E depois de tamanhas ofensas que trocamos, peguei uma mochila e corri para os braços da Fernanda.

No dia seguinte, a primeira coisa que fiz chegando ao trabalho, foi abrir a coluna que Juliana escreve semanalmente para uma revista feminina. Não pude conter as lágrimas quando li o que ela tinha escrito:

Ensinaram-me que quando amamos alguém, devemos amar confiando sim. Porque amor é confiança. A confiança é a base do amor. Recebo muitos e-mails de mulheres que foram traídas e sentiam-se péssimas por confiarem demais. O que tenho a dizer hoje é o seguinte: Não fiquem tristes ou infelizes com vocês mesmas. Saíam de cabeça erguida, pois o coração de vocês é puro. Acreditar e dar amor nos dias de hoje é difícil. Se vocês conseguem, sintam-se bem. Nunca deixem de fazer o bem. Façam o seu melhor, ofereçam as mais belas flores que habitam o coração de vocês. Se o parceiro ou parceira erra, a culpa não é de vocês. Por isso digo que quando damos o nosso melhor, temos que ter orgulho e não vergonha. Se a outra pessoa não sabe receber essas coisas boas, se ela não valoriza o que de fato estamos fazendo por ela, o melhor a fazer é sair para não se contaminar com tamanha falta de respeito [...] Todos nós recebemos uma educação extremamente machista. Uma das coisas que ouvi durante a minha adolescência e aposto que a maioria de vocês também ouviu é que o homem quando não tem em casa, procura na rua. O poder que essa frase exerce sobre nós é tão grande, que ficamos feito loucas procurando suprir todas as necessidades de outra pessoa só para que ela não procure na rua. Muitas vezes, deixamos de cuidar de nós mesmos só para dar ao outro o que ele precisa. Percebem o quão errado é isso?”.

Após ler toda a matéria e começar a cair na real do quão idiota eu estava sendo, tentei ligar pra ela várias e várias vezes, mas ela não atendeu o celular. Saí da empresa mais cedo, cheguei em casa e ela não estava.

Nosso vizinho Leonardo (um grande amigo nosso) me contou que ela saiu com uma mochila enorme e não disse para onde ia, mas parecia triste.

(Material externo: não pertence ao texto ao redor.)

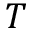Convert formula to latex. <formula><loc_0><loc_0><loc_500><loc_500>T</formula> 
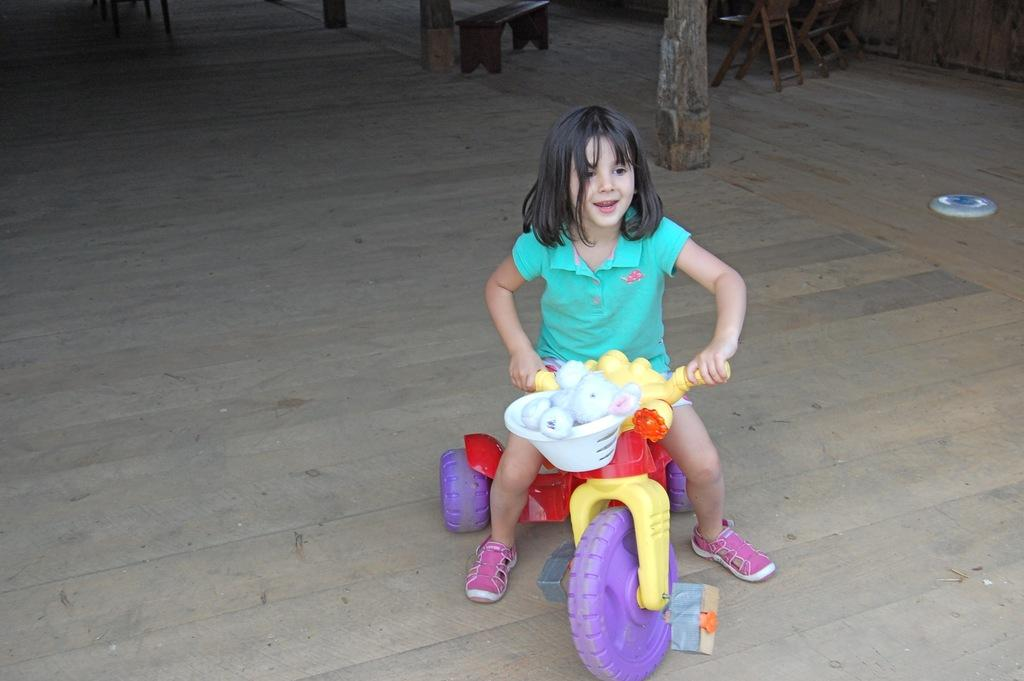What is the main subject of the image? There is a child in the image. What is the child doing in the image? The child is sitting on a toy. What type of furniture is present in the image? There is a chair in the image. What is the material of the floor in the image? The floor is made of wood. What is the child wearing in the image? The child is wearing a green dress. Can you hear the child's toes laughing in the image? There is no sound in the image, and toes do not have the ability to laugh.

Fiquei bebendo feito louco e ligando para todos os nossos amigos para saber onde Juliana poderia ter ido, mas não tive resposta. Acabei adormecendo no sofá e acordei no chuveiro com Juliana me dando um banho frio. Ela lavava meus cabelos com uma doçura que achei que nunca mais fosse receber dela.

Ela me sentou na cadeira em frente a pia e começou a secar meu cabelo.

- O enjoo passou? – ela perguntou.

- Um pouco. Acho que vomitei bastante, não? – perguntei rindo.

- O suficiente – ela riu.

Ela terminou de secar meu cabelo, me ajudou a vestir a roupa e me deitou no seu colo.

- Ainda tá com raiva de mim? – perguntei.

- Sim, mas não é por isso que vou deixá-lo passando mal. Prometi estar contigo na saúde e na doença.

- Eu não estou doente – respondi seco.

- Mas vai ficar se continuar fazendo mal a quem só te quer bem – ela respondeu firme e cheia de mágoas na voz.